Mit einem Solostück von Johann Sebastian Bach eröffnet Violinist Florian Meierott die Preisverleihung im Kino, in dem das Publikum mit entsprechendem Abstand saß. Als Ehrengäste begrüßte Helwig Bürgermeisterin Dr. Brigitte Kössinger und Vize-Landrat Matthias Vilsmayer.

Die Gemeinde Gauting hatte den Sektempfang spendiert, aber auch den Preis für das beste Drehbuch. Die Jury um Margit Frölich und Josef Grübl hatte den ukrainischen Film „Homeward“ (Heimwärts) von Nariman Aliev dafür auserkoren: Im Trailer waren Ausschnitte aus dem fast dokumentarischen Drama über die Lebenswelt der Krimtartaren zu sehen. Per Videobotschaft dankte der Regisseur Nariman Aliev für den Preis. Iryna Shum vom ukrainischen Generalkonsulat nahm die mit 3000 Euro dotierte Auszeichnung aus der Hand der Bürgermeisterin entgegen – wie schon vor einigen Tagen den Dokumentarfilmpreis für Iryna Tsilyk.

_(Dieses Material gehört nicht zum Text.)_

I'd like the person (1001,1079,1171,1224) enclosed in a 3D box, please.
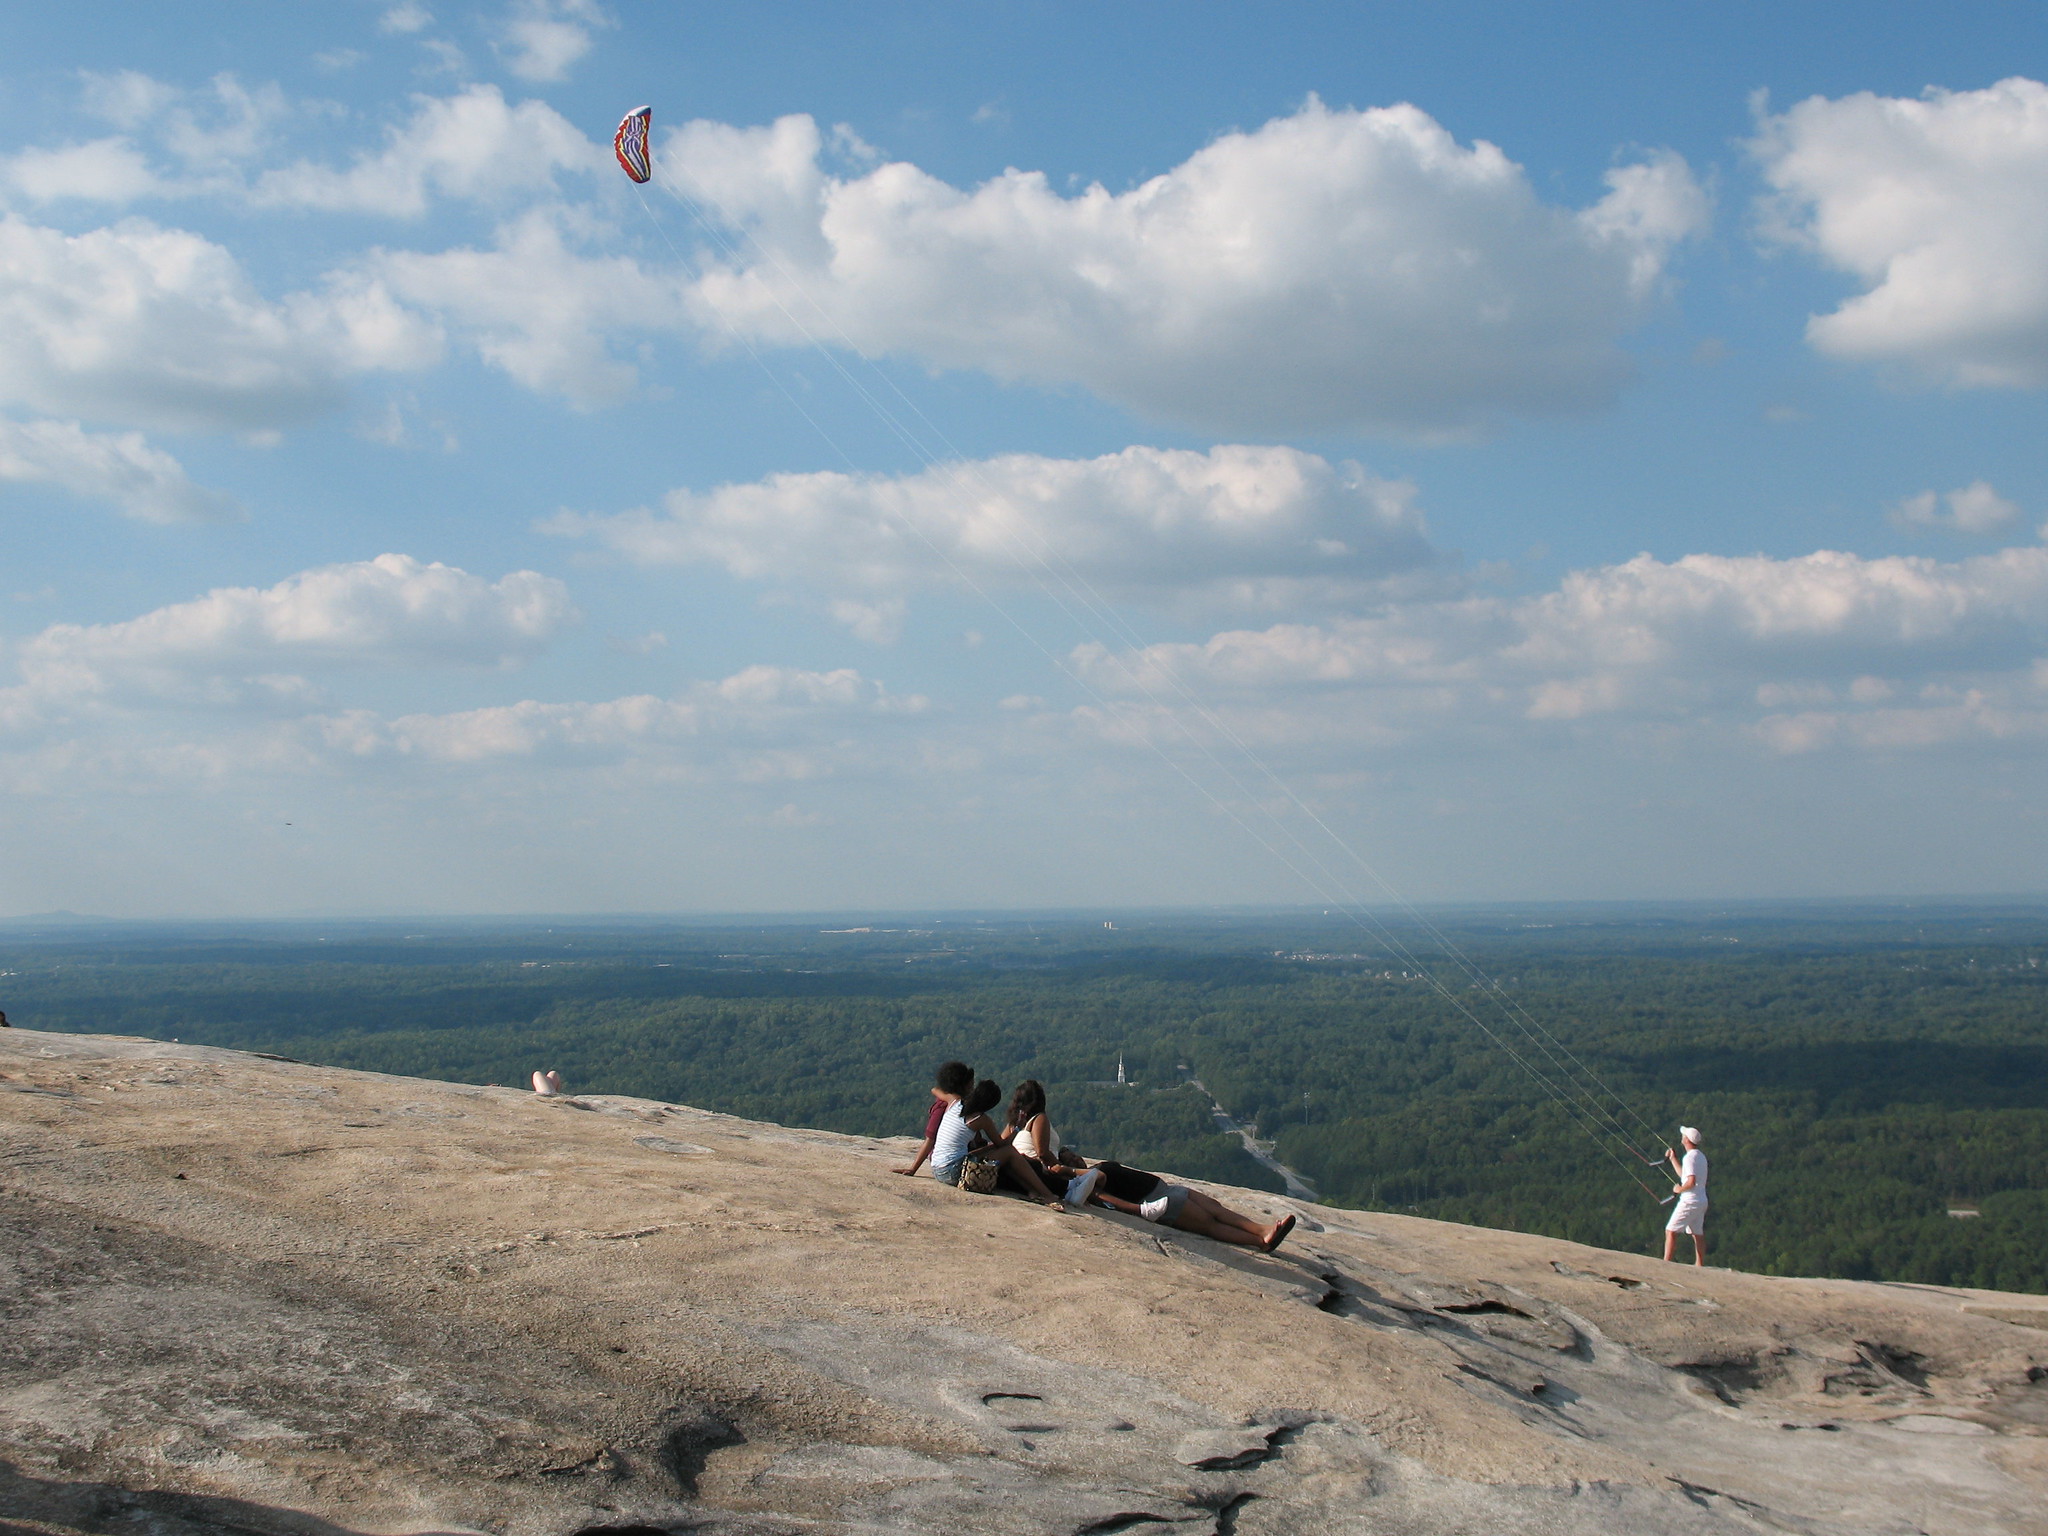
[{"bbox_3d":[0.808,3.937,18.221,2.326,1.304,0.832,15,-27,-21],"label":"person"}]

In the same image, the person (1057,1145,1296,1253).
[{"bbox_3d":[1.315,4.057,17.826,2.548,0.604,0.875,15,-18,27],"label":"person"}]

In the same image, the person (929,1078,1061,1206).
[{"bbox_3d":[-0.389,3.620,18.062,0.927,1.139,1.695,3,-4,-15],"label":"person"}]

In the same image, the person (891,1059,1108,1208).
[{"bbox_3d":[-0.349,3.630,17.937,1.811,1.119,0.621,14,-12,-20],"label":"person"}]
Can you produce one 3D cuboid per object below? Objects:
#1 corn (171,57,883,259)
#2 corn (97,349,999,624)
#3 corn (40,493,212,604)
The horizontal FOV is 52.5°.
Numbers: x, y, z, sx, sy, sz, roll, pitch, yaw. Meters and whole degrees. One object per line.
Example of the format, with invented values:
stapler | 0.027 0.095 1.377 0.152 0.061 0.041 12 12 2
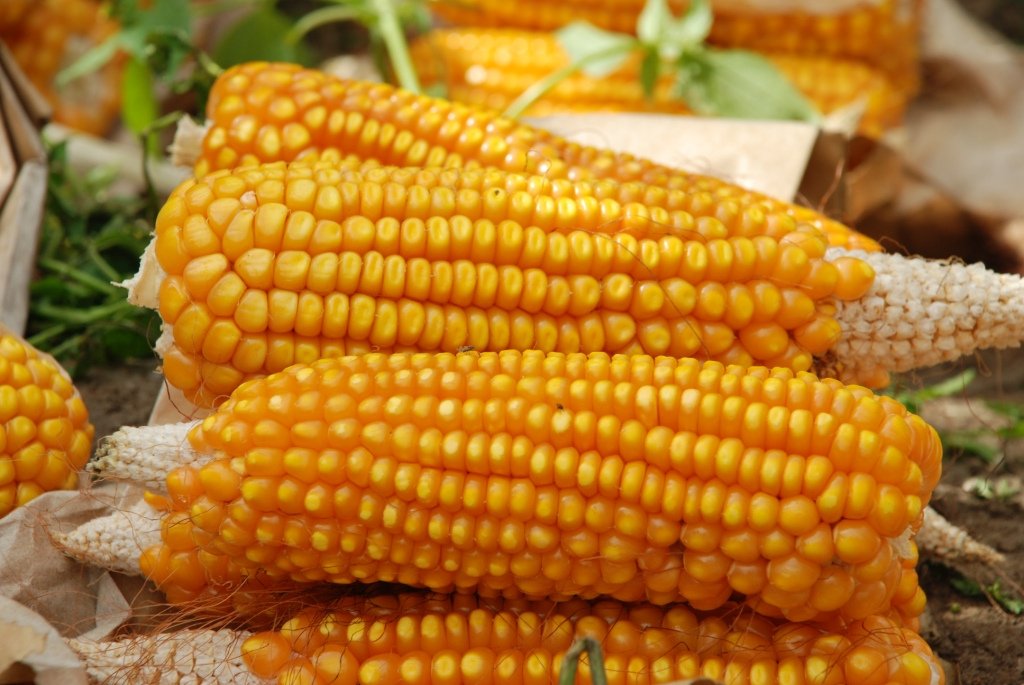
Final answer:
corn | 0.052 -0.273 1.555 0.909 0.212 0.205 13 21 8
corn | 0.037 0.187 1.343 1.024 0.342 0.262 6 51 -1
corn | -0.520 0.254 1.363 0.214 0.123 0.143 -3 8 -19
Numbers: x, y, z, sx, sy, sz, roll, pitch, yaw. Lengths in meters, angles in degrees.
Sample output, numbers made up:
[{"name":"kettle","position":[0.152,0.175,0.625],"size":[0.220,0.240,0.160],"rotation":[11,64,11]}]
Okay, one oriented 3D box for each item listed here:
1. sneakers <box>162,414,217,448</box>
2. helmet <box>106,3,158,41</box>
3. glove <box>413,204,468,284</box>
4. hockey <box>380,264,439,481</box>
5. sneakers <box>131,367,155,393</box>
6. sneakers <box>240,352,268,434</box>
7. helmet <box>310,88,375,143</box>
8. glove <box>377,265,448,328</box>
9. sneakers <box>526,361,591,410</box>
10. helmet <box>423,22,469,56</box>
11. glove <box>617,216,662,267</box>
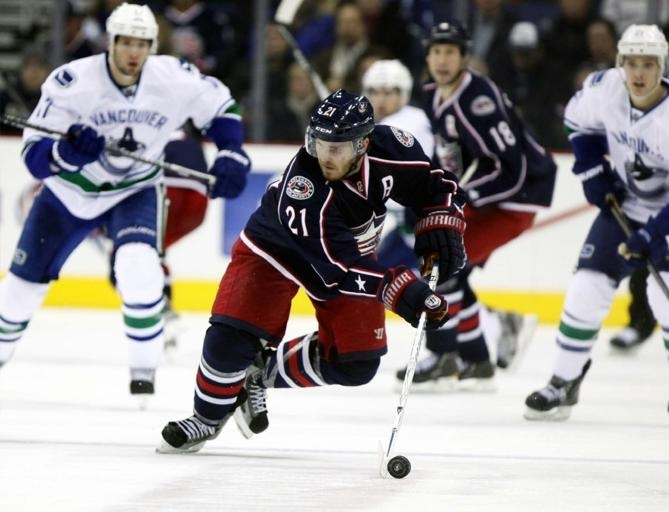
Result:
[{"name":"sneakers","position":[-0.541,0.661,3.378],"size":[0.226,0.090,0.088],"rotation":[-15,72,-46]},{"name":"helmet","position":[-0.869,-0.998,3.799],"size":[0.207,0.146,0.195],"rotation":[-1,19,-15]},{"name":"glove","position":[0.431,-0.041,3.413],"size":[0.115,0.269,0.194],"rotation":[16,-3,-35]},{"name":"hockey","position":[0.321,0.511,3.730],"size":[0.093,0.096,0.814],"rotation":[12,61,13]},{"name":"sneakers","position":[-0.851,0.550,3.953],"size":[0.111,0.107,0.108],"rotation":[0,-9,-7]},{"name":"sneakers","position":[-0.321,0.548,3.579],"size":[0.110,0.326,0.129],"rotation":[7,-12,-41]},{"name":"helmet","position":[0.028,-0.506,3.168],"size":[0.204,0.140,0.289],"rotation":[21,34,26]},{"name":"glove","position":[0.287,0.157,3.138],"size":[0.250,0.120,0.180],"rotation":[35,30,-12]},{"name":"sneakers","position":[0.996,0.580,3.976],"size":[0.363,0.260,0.117],"rotation":[0,27,-41]},{"name":"helmet","position":[0.601,-1.215,4.791],"size":[0.220,0.140,0.294],"rotation":[3,9,19]},{"name":"glove","position":[1.282,-0.054,3.627],"size":[0.164,0.187,0.073],"rotation":[39,6,7]}]
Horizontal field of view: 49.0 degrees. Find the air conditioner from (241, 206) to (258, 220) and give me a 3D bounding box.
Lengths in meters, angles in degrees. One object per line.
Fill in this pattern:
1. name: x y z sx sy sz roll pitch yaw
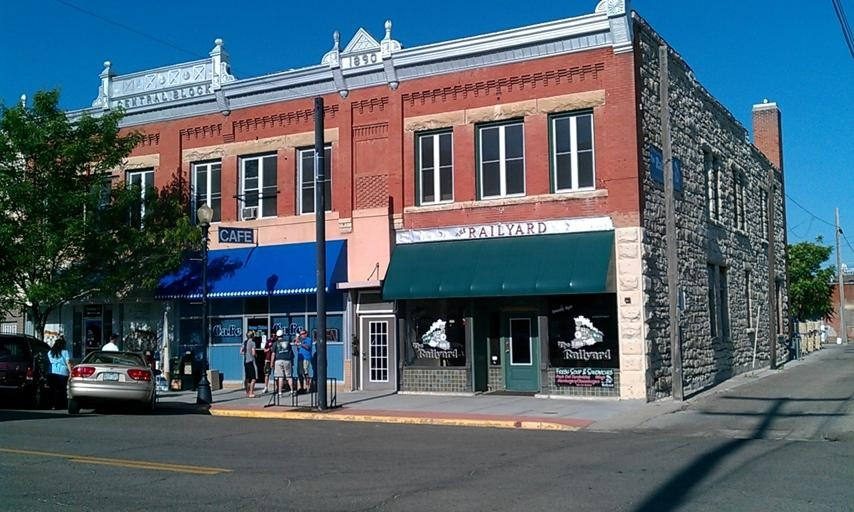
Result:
1. air conditioner: -7.219 -1.751 38.371 0.524 0.443 0.268 -3 -8 24

„Auch für die Stadt Starnberg ist dieses Filmfestival ein Aushängeschild“, betonte Starnbergs Vizebürgermeisterin Angelika Kammerl. Sie überreichte die Auszeichnung, die die Stadt gestiftet hat: Der Preis „Perspektive Junges Kino“, vergeben von einer Jury aus Filmhochschülern und dotiert mit 3000 Euro, ging an „Acasa, My Home“. Radu Ciorniciuc erzählt die Geschichte einer Familie am Rand der rumänischen Hauptstadt Bukarest, an dem die Gegensätze von Natur und Zivilisation aufeinanderprallen. Die Familie wird zwangsumgesiedelt.

Ehrenpreis für Matthias Helwig.
Filmpfarrer Eckart Bruchner (l.) zeichnete Matthias Helwig mit einem Ehrenpreis aus.  © FSFF

Die „Special Edition“ des Filmfestivals in Corona-Zeiten klappe gut, gratulierte Vizelandrat Vilsmayer. Der Landkreis fördere das bereits 14. Internationale Fünf-Seen-Filmfestival deshalb mit 25 000 Euro und dem Hauptpreis: „What You Don’t Know About Me“ von Rolando Colla, eine Liebesgeschichte zwischen einem Schwarzafrikaner und einer weißen Europäerin, wurde mit 5000 Euro ausgezeichnet. Als Hauptdarstellerin Linda Olsansky mit dem Schweizer Regisseur Colla die Leinwand-Bühne betrat, schossen ihr Tränen der Rührung in die Augen: „Ich kriege kein Wort raus“, bekannte die Schauspielerin.

Als Höhepunkt verliehen Filmpfarrer Eckart Bruchner, die Interfilm-Akademie und seine Jury dem Initiator des Fünf-Seen-Filmfestivals Matthias Helwig den One-Future-Ehrenpreis „für seinen unermüdlichen Einsatz für das Filmwesen gerade auch in schwierigen Zeiten wie Corona“. Helwig bringe auch „One-Future“-Filme auf die Leinwand und erhalte von der Politik wie von Ministerpräsident Söder zu wenig Unterstützung „für dieses größte und renommierteste Filmfestival Süddeutschlands“, erklärte Bruchner.